Upon extracting the file, navigating to report_name\great_expectations\uncommitted\data_docs\local_site will show a directory with an index.html file within it. Opening the HTML file within a browser will take you to the Great Expectations validation run browser with a summary of validation of this run being shown.
Pressing this summary will take you to the full report.
This pipeline validates data through the use of Great Expectations. As a result, data not conforming to the defined expectations will fail and this new data will not be eligble for merging into the main repository. If this occurs then you will need to correct the errors in new_golden as defined in the validation report.
Great Expectations does not raise any exceptions when a datasource fails a validation test, thus there is no automatic roll-back when this happens. Instead, it always creates a file called new_golden.json when it merges the new data with the original. You will either need to correct the data from the source file and re-run part of the pipeline using the "merge_only" workflow, or you will need to manually correct the data within the new_golden.json file and re-run the validation part of the pipeline by triggering the "revalidate" workflow. As this is in a Git repo, you will need to pull the changes locally in order to make your fixes.
If you have manually corrected the data and would like to re-run the validation locally, then you can use great_expectations --v3-api checkpoint run main-val
to do so. The report will be located in great_expecations\uncommitted\data_docs\local_site; this report will not be comitted, meaning even if you do this, you will still need to rerun the revalidate workflow when these changes are pushed to this repo.

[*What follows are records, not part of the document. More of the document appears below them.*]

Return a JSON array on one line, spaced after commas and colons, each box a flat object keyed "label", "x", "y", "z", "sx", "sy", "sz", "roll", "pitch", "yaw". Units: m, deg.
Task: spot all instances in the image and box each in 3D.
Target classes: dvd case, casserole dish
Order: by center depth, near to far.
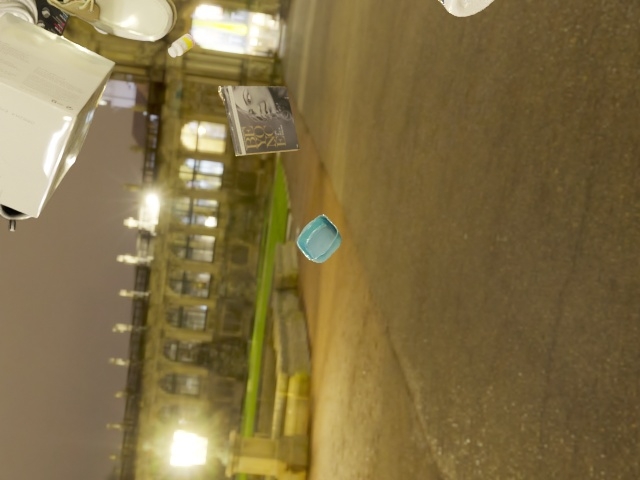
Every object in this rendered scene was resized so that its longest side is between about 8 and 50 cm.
[{"label": "dvd case", "x": -0.142, "y": -0.295, "z": 1.883, "sx": 0.018, "sy": 0.221, "sz": 0.165, "roll": -11, "pitch": 91, "yaw": 40}, {"label": "casserole dish", "x": 0.000, "y": 0.000, "z": 2.091, "sx": 0.114, "sy": 0.037, "sz": 0.188, "roll": -46, "pitch": 29, "yaw": 2}]

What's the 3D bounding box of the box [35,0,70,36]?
[{"label": "box", "x": -0.747, "y": -0.600, "z": 1.967, "sx": 0.143, "sy": 0.165, "sz": 0.270, "roll": 46, "pitch": -127, "yaw": -61}]

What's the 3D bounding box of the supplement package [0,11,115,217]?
[{"label": "supplement package", "x": -0.487, "y": -0.210, "z": 1.258, "sx": 0.198, "sy": 0.199, "sz": 0.263, "roll": -59, "pitch": 15, "yaw": 26}]

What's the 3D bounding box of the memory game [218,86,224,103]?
[{"label": "memory game", "x": -0.226, "y": -0.342, "z": 2.115, "sx": 0.186, "sy": 0.012, "sz": 0.186, "roll": 56, "pitch": -172, "yaw": -12}]

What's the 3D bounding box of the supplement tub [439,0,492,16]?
[{"label": "supplement tub", "x": 0.396, "y": -0.858, "z": 2.326, "sx": 0.316, "sy": 0.228, "sz": 0.228, "roll": 56, "pitch": 156, "yaw": 23}]

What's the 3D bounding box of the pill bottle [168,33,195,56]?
[{"label": "pill bottle", "x": -0.426, "y": -0.594, "z": 2.358, "sx": 0.083, "sy": 0.043, "sz": 0.043, "roll": -46, "pitch": -16, "yaw": -32}]

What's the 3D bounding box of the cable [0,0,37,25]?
[{"label": "cable", "x": -0.712, "y": -0.446, "z": 1.622, "sx": 0.257, "sy": 0.089, "sz": 0.257, "roll": -40, "pitch": -9, "yaw": -43}]

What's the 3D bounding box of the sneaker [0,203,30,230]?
[{"label": "sneaker", "x": -0.590, "y": -0.146, "z": 1.550, "sx": 0.269, "sy": 0.101, "sz": 0.153, "roll": -63, "pitch": 32, "yaw": 29}]

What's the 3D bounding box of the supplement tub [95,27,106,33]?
[{"label": "supplement tub", "x": -0.528, "y": -0.580, "z": 1.973, "sx": 0.107, "sy": 0.071, "sz": 0.071, "roll": -51, "pitch": -19, "yaw": -43}]

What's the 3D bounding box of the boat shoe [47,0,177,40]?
[{"label": "boat shoe", "x": -0.385, "y": -0.408, "z": 1.254, "sx": 0.103, "sy": 0.302, "sz": 0.113, "roll": -104, "pitch": 36, "yaw": -70}]
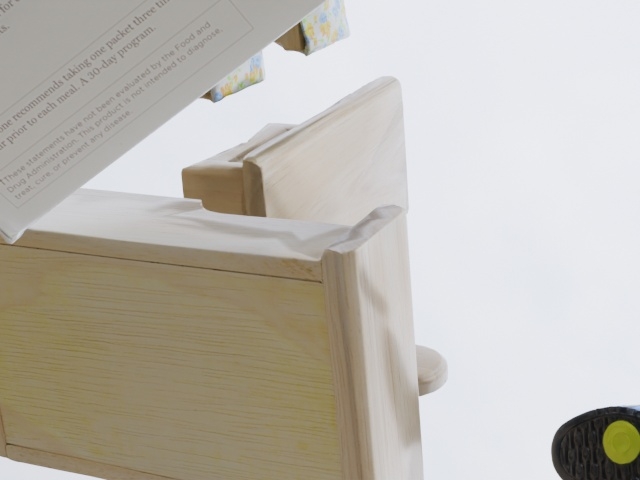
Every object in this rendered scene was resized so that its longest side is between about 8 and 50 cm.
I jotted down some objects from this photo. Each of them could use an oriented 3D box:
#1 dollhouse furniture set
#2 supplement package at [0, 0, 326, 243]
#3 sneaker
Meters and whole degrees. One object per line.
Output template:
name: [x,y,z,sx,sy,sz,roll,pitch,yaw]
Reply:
dollhouse furniture set: [0.000,0.000,0.844,0.257,0.394,0.362,7,-66,27]
supplement package: [-0.082,-0.153,0.360,0.203,0.194,0.149,48,12,-28]
sneaker: [0.268,0.144,0.911,0.209,0.082,0.069,-20,-108,37]
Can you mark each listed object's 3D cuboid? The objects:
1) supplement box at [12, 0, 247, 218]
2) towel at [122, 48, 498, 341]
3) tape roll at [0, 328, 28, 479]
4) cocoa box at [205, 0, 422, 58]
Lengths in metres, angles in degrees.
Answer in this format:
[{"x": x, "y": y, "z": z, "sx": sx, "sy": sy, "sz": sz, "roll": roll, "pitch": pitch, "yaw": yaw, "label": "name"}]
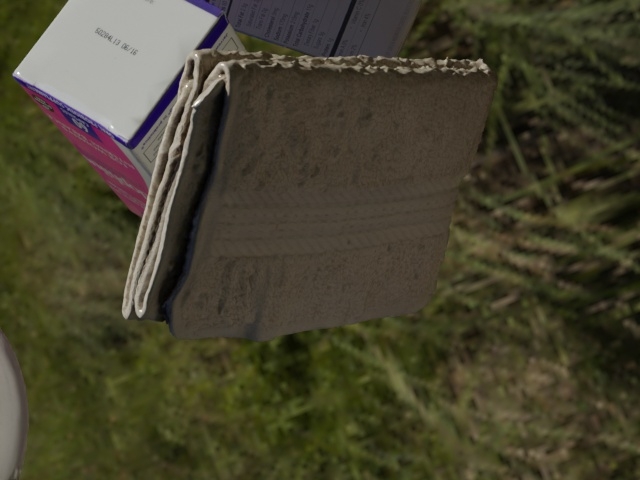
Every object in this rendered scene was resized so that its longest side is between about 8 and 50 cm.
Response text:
[{"x": -0.104, "y": -0.085, "z": 1.147, "sx": 0.111, "sy": 0.114, "sz": 0.220, "roll": 30, "pitch": 169, "yaw": 27, "label": "supplement box"}, {"x": 0.003, "y": -0.031, "z": 1.047, "sx": 0.282, "sy": 0.187, "sz": 0.049, "roll": -6, "pitch": -150, "yaw": -46, "label": "towel"}, {"x": -0.353, "y": 0.151, "z": 1.235, "sx": 0.169, "sy": 0.246, "sz": 0.246, "roll": 130, "pitch": 122, "yaw": -66, "label": "tape roll"}, {"x": 0.012, "y": -0.363, "z": 1.420, "sx": 0.231, "sy": 0.228, "sz": 0.347, "roll": 114, "pitch": 172, "yaw": -55, "label": "cocoa box"}]
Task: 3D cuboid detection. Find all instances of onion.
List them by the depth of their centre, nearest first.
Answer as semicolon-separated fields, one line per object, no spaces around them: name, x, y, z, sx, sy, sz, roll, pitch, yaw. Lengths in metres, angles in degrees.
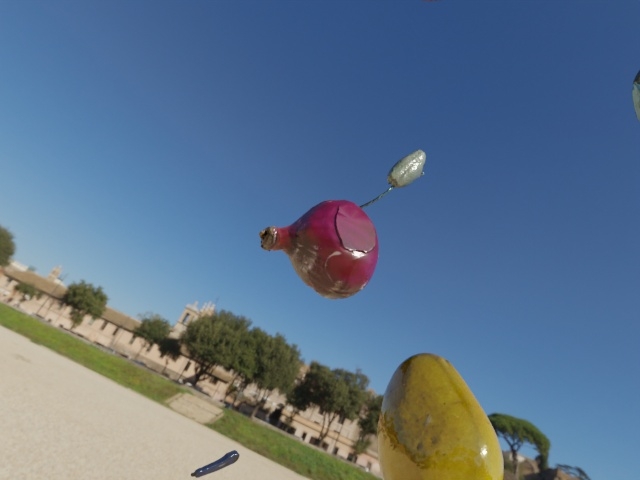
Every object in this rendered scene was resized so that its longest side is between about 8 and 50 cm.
onion;0.000;0.000;0.764;0.218;0.195;0.140;16;-43;-18

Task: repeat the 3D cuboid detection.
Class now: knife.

This pipeline does not currently generate a PR request automatically, this could be a point of interest to pursue in the future. For now, you will need to make a new branch from the data-collection-and-prep repository and replace the existing golden.json file with your modified one. When you make the PR to merge your branch into main, you will need to attach the validation report within the description so reviewers can download and review it. This should be straight-forward to review and is more of a confirmation rather than a proper review as the validation file should always be a 100% success. Whenever this is done, also be sure to update the golden.json file within FinalFile in this repository.

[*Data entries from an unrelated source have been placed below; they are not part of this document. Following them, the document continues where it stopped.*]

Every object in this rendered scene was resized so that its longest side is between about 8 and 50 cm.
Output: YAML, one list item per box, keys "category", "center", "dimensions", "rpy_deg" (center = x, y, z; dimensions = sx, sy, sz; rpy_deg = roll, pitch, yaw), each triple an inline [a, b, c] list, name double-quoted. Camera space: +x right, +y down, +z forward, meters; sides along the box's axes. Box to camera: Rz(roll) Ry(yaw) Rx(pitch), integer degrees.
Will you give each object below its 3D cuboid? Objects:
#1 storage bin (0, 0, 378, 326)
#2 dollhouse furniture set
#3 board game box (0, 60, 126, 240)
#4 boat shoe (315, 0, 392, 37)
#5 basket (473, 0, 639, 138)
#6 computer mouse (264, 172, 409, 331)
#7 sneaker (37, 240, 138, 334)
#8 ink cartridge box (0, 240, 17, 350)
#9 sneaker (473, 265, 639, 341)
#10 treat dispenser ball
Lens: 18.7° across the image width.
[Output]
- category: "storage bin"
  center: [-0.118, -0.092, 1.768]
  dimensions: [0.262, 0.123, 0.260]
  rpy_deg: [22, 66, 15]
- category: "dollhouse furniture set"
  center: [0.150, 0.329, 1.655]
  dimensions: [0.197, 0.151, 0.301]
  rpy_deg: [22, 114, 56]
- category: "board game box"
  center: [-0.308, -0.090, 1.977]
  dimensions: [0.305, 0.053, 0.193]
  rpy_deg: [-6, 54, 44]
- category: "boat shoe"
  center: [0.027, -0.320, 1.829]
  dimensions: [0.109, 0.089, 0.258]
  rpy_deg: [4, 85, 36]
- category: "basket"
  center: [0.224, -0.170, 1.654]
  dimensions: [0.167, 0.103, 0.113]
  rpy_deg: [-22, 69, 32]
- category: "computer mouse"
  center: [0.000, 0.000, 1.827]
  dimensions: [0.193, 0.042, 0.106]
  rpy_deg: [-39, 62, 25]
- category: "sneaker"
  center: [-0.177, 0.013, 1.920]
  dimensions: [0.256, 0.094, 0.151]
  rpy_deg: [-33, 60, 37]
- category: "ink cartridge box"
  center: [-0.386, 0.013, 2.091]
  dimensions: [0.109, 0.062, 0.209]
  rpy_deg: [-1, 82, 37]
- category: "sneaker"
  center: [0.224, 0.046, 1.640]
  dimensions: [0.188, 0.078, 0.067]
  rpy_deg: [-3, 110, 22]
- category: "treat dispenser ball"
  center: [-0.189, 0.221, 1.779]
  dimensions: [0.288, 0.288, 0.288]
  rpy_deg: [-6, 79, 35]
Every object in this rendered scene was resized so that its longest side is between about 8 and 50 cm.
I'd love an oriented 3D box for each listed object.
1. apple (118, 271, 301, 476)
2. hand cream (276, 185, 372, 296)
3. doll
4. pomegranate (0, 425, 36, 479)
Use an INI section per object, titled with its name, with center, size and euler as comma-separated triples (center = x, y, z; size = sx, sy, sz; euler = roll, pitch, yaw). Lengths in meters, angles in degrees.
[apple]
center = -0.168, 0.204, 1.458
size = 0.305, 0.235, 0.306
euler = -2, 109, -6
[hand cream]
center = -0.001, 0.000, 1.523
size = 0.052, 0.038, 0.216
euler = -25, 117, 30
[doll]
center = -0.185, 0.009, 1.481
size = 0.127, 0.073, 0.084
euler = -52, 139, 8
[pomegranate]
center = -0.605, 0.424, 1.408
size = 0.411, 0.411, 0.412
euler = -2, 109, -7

A few features that will either need to be added in, or should be added in are:
-
MTurk Integration
- The pipeline should also have MTurk as one of its datasources.
-
JSON DIFF
- A stage called JSONDIFF should be added in. This stage would simply produce a JSON diff file between the new json file created within the Update stage and the golden JSON file prior to having these changes merged in.
- When this stage is added, the JSON DIF file should be attached with the validation report when submitting a PR.
- A few resources mentioned have been:
-
Automatic PR
- Upon a successful Pipeline workflow completion, a PR should be automatically created for the data-collection-and-prep repository.
- This would mean the only human intervention needed would either to approve a PR, or to fix faulty data in the case of a failed validation.